313.632.01 ECONOMIC EVALUATION III
Provides students with an overview of the increasingly important role of stated-preference methods within economic evaluation. Specifically focuses on the measurement of the priorities and preferences of patients and other stakeholders in public health and demonstrates how results can be used to inform policy – both in the US and internationally. Introduces students to a range of stated-preference methods (including conjoint analysis, discrete-choice experiments, best-worst scaling and contingent valuation) and will explore modern approaches for developing policy-relevant metrics, including estimating healthy-years-equivalents (HYE), maximal-acceptable risk (MAR), and willingness-to-pay (WTP).

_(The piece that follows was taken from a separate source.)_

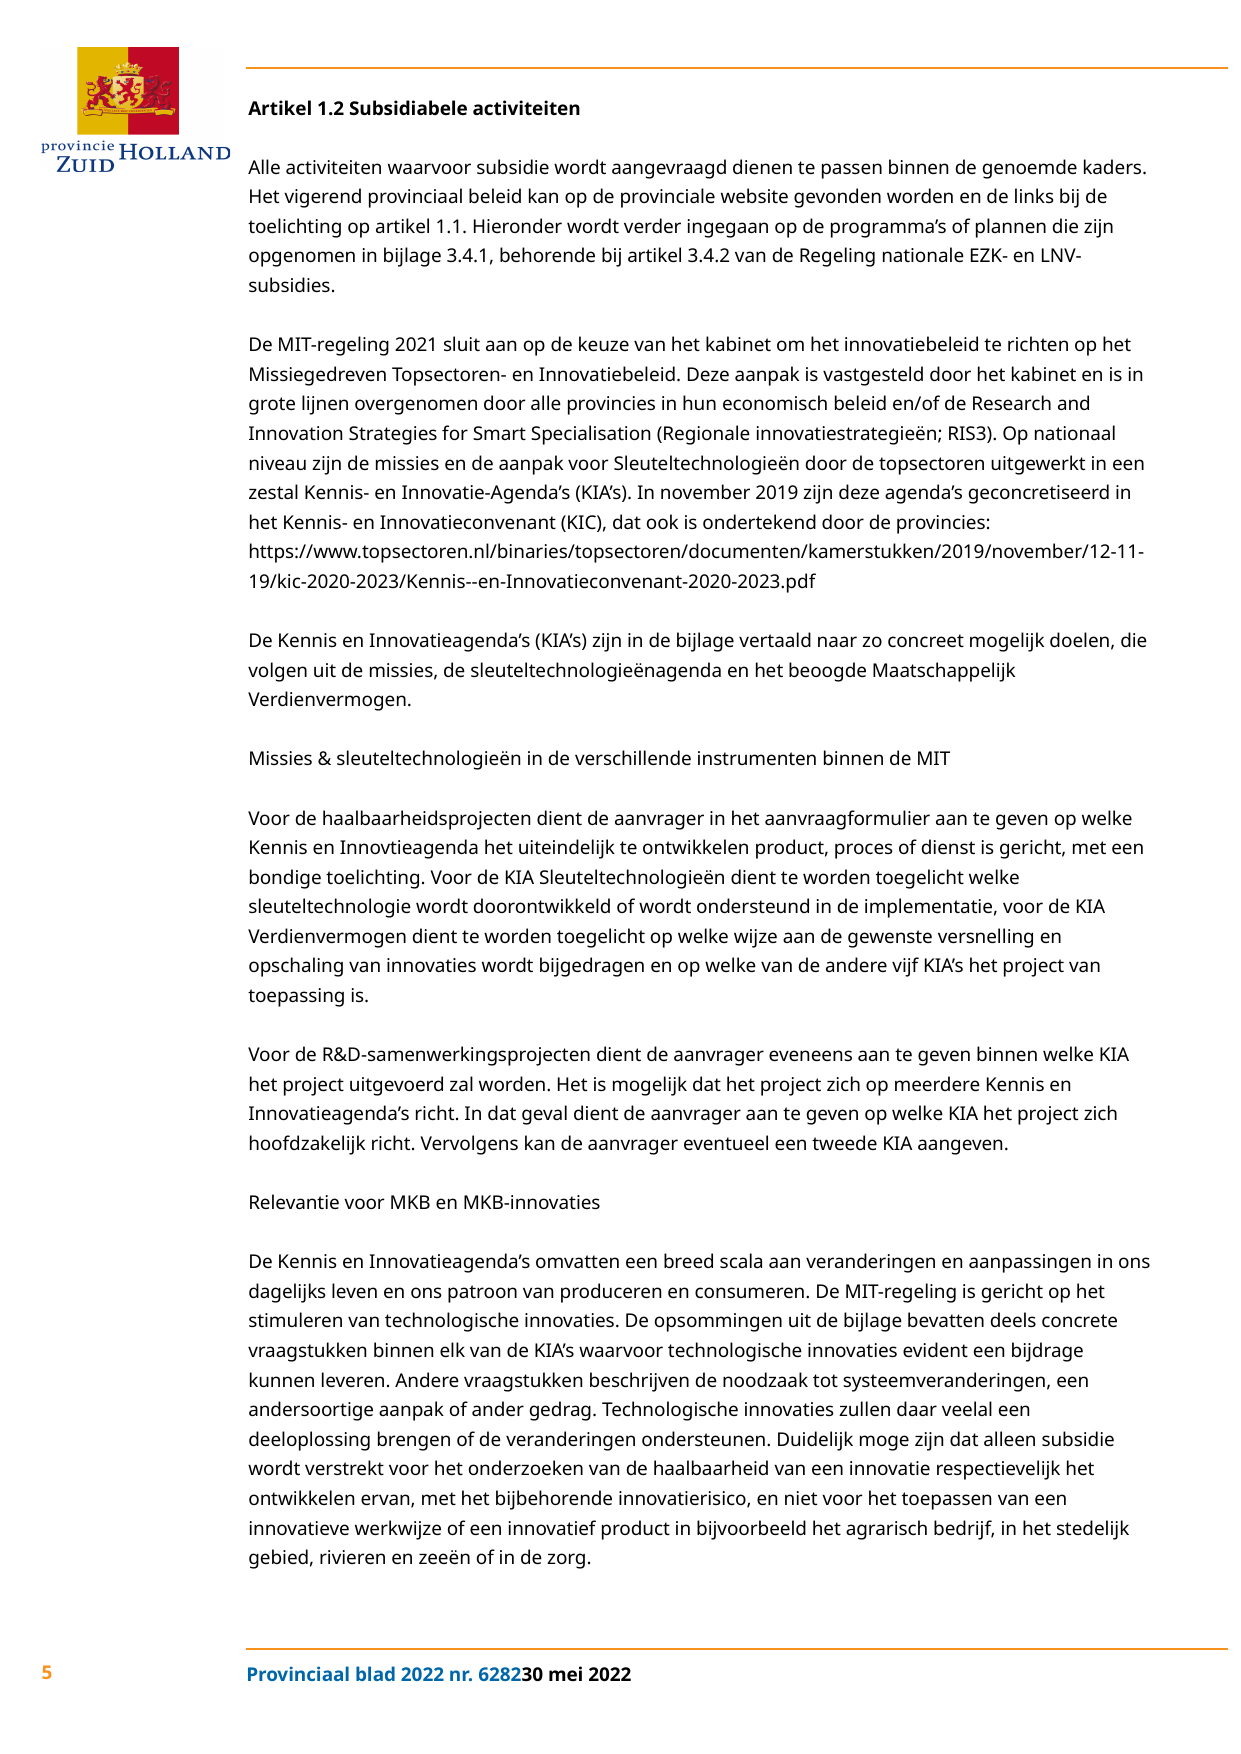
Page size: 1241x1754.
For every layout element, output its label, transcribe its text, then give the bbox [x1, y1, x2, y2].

Students develop a working knowledge of these methods through a diverse set of case studies, brief assignments and a group project.
The primary objectives of this course are: (1) to introduce students to advanced topics in economic evaluation (including advanced probabilistic modeling) (2) to have students consider the limitations (and alternatives) to the traditional cost-per-QALY paradigm; and (3) for students to develop a working understanding of the factors involved in writing a publishable cost-effectiveness analysis or other applied economic evaluation.

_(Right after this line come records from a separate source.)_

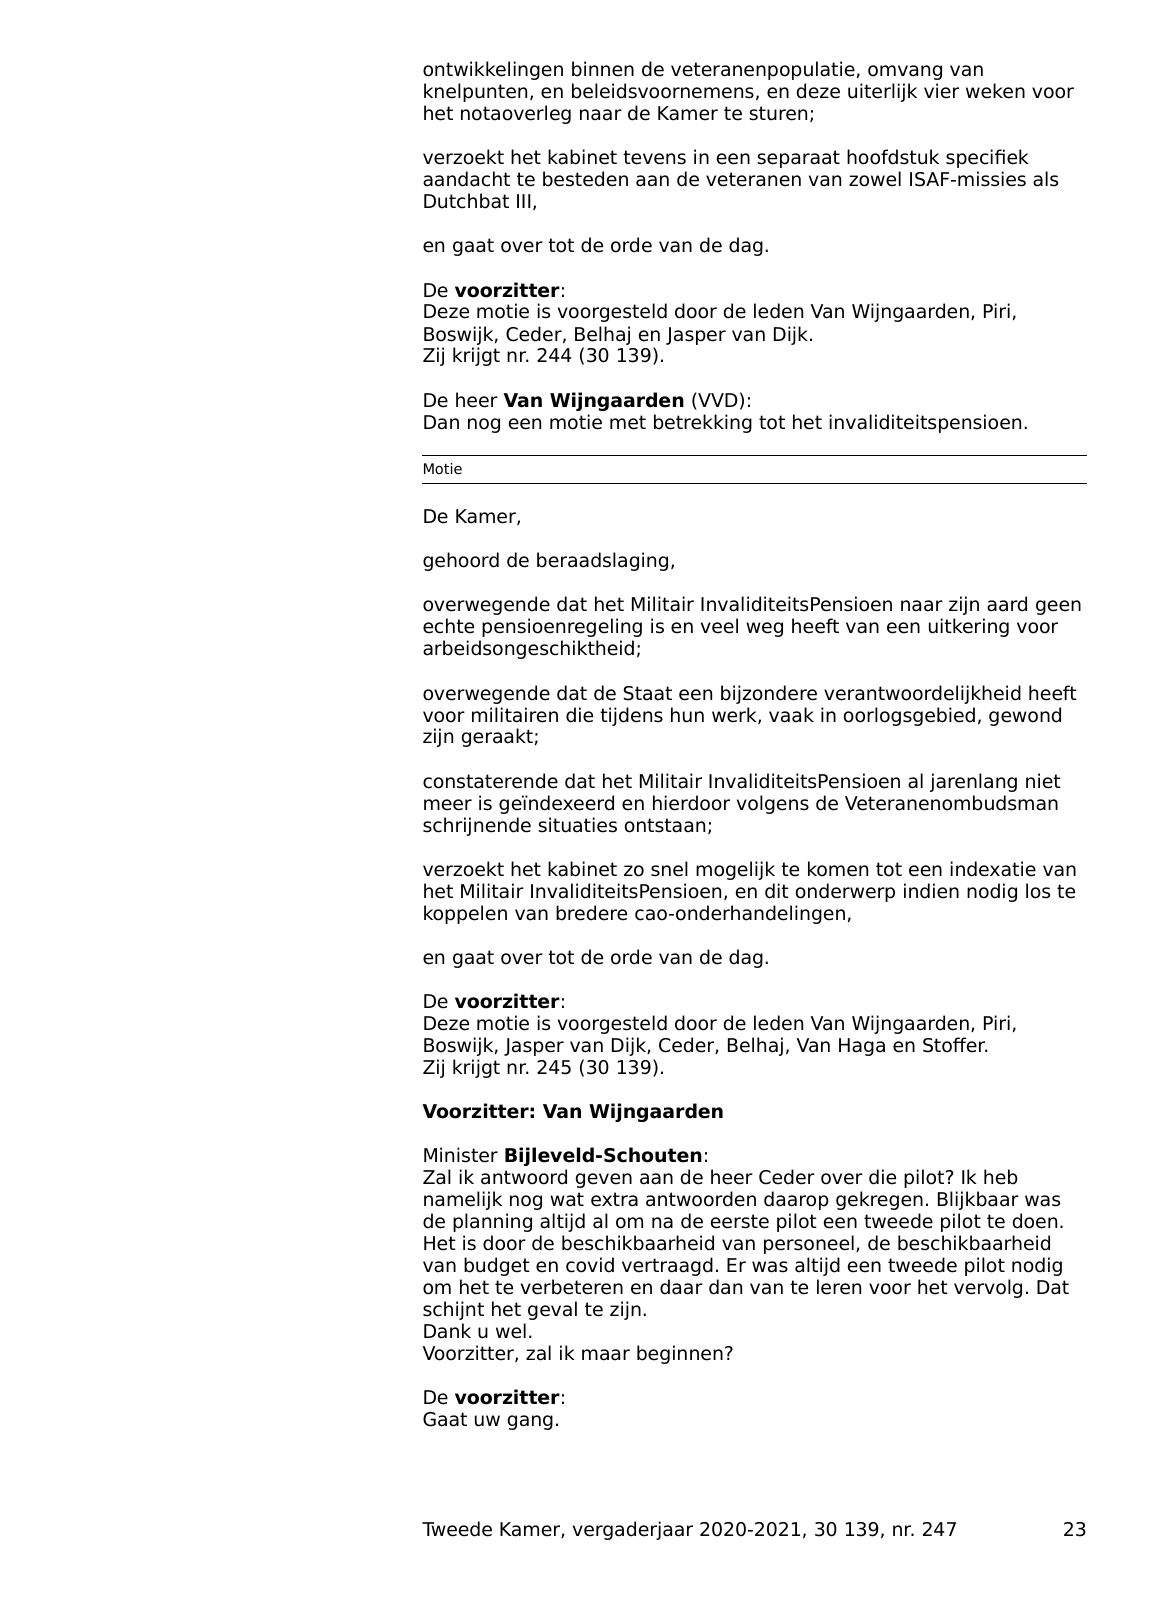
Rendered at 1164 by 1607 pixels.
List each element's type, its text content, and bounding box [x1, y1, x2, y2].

text De voorzitter: [422, 1387, 1087, 1409]
text en gaat over tot de orde van de dag. [422, 947, 1087, 969]
table_header Motie [422, 456, 1087, 483]
text gehoord de beraadslaging, [422, 550, 1087, 572]
text constaterende dat het Militair InvaliditeitsPensioen al jarenlang niet meer is geïndexeerd en hierdoor volgens de Veteranenombudsman schrijnende situaties ontstaan; [422, 771, 1087, 837]
text verzoekt het kabinet tevens in een separaat hoofdstuk specifiek aandacht te besteden aan de veteranen van zowel ISAF-missies als Dutchbat III, [422, 147, 1087, 213]
text ontwikkelingen binnen de veteranenpopulatie, omvang van knelpunten, en beleidsvoornemens, en deze uiterlijk vier weken voor het notaoverleg naar de Kamer te sturen; [422, 59, 1087, 125]
text verzoekt het kabinet zo snel mogelijk te komen tot een indexatie van het Militair InvaliditeitsPensioen, en dit onderwerp indien nodig los te koppelen van bredere cao-onderhandelingen, [422, 859, 1087, 925]
text Gaat uw gang. [422, 1409, 1087, 1431]
text Zij krijgt nr. 244 (30 139). [422, 345, 1087, 367]
text Zij krijgt nr. 245 (30 139). [422, 1057, 1087, 1079]
text Minister Bijleveld-Schouten: [422, 1145, 1087, 1167]
text De heer Van Wijngaarden (VVD): [422, 389, 1087, 412]
text en gaat over tot de orde van de dag. [422, 235, 1087, 257]
text De Kamer, [422, 506, 1087, 528]
text overwegende dat de Staat een bijzondere verantwoordelijkheid heeft voor militairen die tijdens hun werk, vaak in oorlogsgebied, gewond zijn geraakt; [422, 682, 1087, 748]
text Dan nog een motie met betrekking tot het invaliditeitspensioen. [422, 412, 1087, 433]
text Voorzitter, zal ik maar beginnen? [422, 1343, 1087, 1365]
text Dank u wel. [422, 1321, 1087, 1343]
text overwegende dat het Militair InvaliditeitsPensioen naar zijn aard geen echte pensioenregeling is en veel weg heeft van een uitkering voor arbeidsongeschiktheid; [422, 594, 1087, 660]
text Zal ik antwoord geven aan de heer Ceder over die pilot? Ik heb namelijk nog wat extra antwoorden daarop gekregen. Blijkbaar was de planning altijd al om na de eerste pilot een tweede pilot te doen. Het is door de beschikbaarheid van personeel, de beschikbaarheid van budget en covid vertraagd. Er was altijd een tweede pilot nodig om het te verbeteren en daar dan van te leren voor het vervolg. Dat schijnt het geval te zijn. [422, 1167, 1087, 1321]
text Deze motie is voorgesteld door de leden Van Wijngaarden, Piri, Boswijk, Jasper van Dijk, Ceder, Belhaj, Van Haga en Stoffer. [422, 1013, 1087, 1057]
text De voorzitter: [422, 991, 1087, 1013]
text Deze motie is voorgesteld door de leden Van Wijngaarden, Piri, Boswijk, Ceder, Belhaj en Jasper van Dijk. [422, 301, 1087, 345]
subtitle Voorzitter: Van Wijngaarden [422, 1101, 1087, 1123]
text De voorzitter: [422, 279, 1087, 301]

Upon successfully completing this course, students will be able to:
Describe a variety of stated-preference method and how they might be used in economic evaluation to inform health policy, both in the US and internationally
Appropriately use stated-preference methods to create policy-relevant metrics, including estimating healthy-years-equivalents (HYE), maximal-acceptable risk (MAR), and willingness-to-pay (WTP).
Independently design, implement, analyze and report on an application of stated-preference methods to a policy-relevant topic in public health.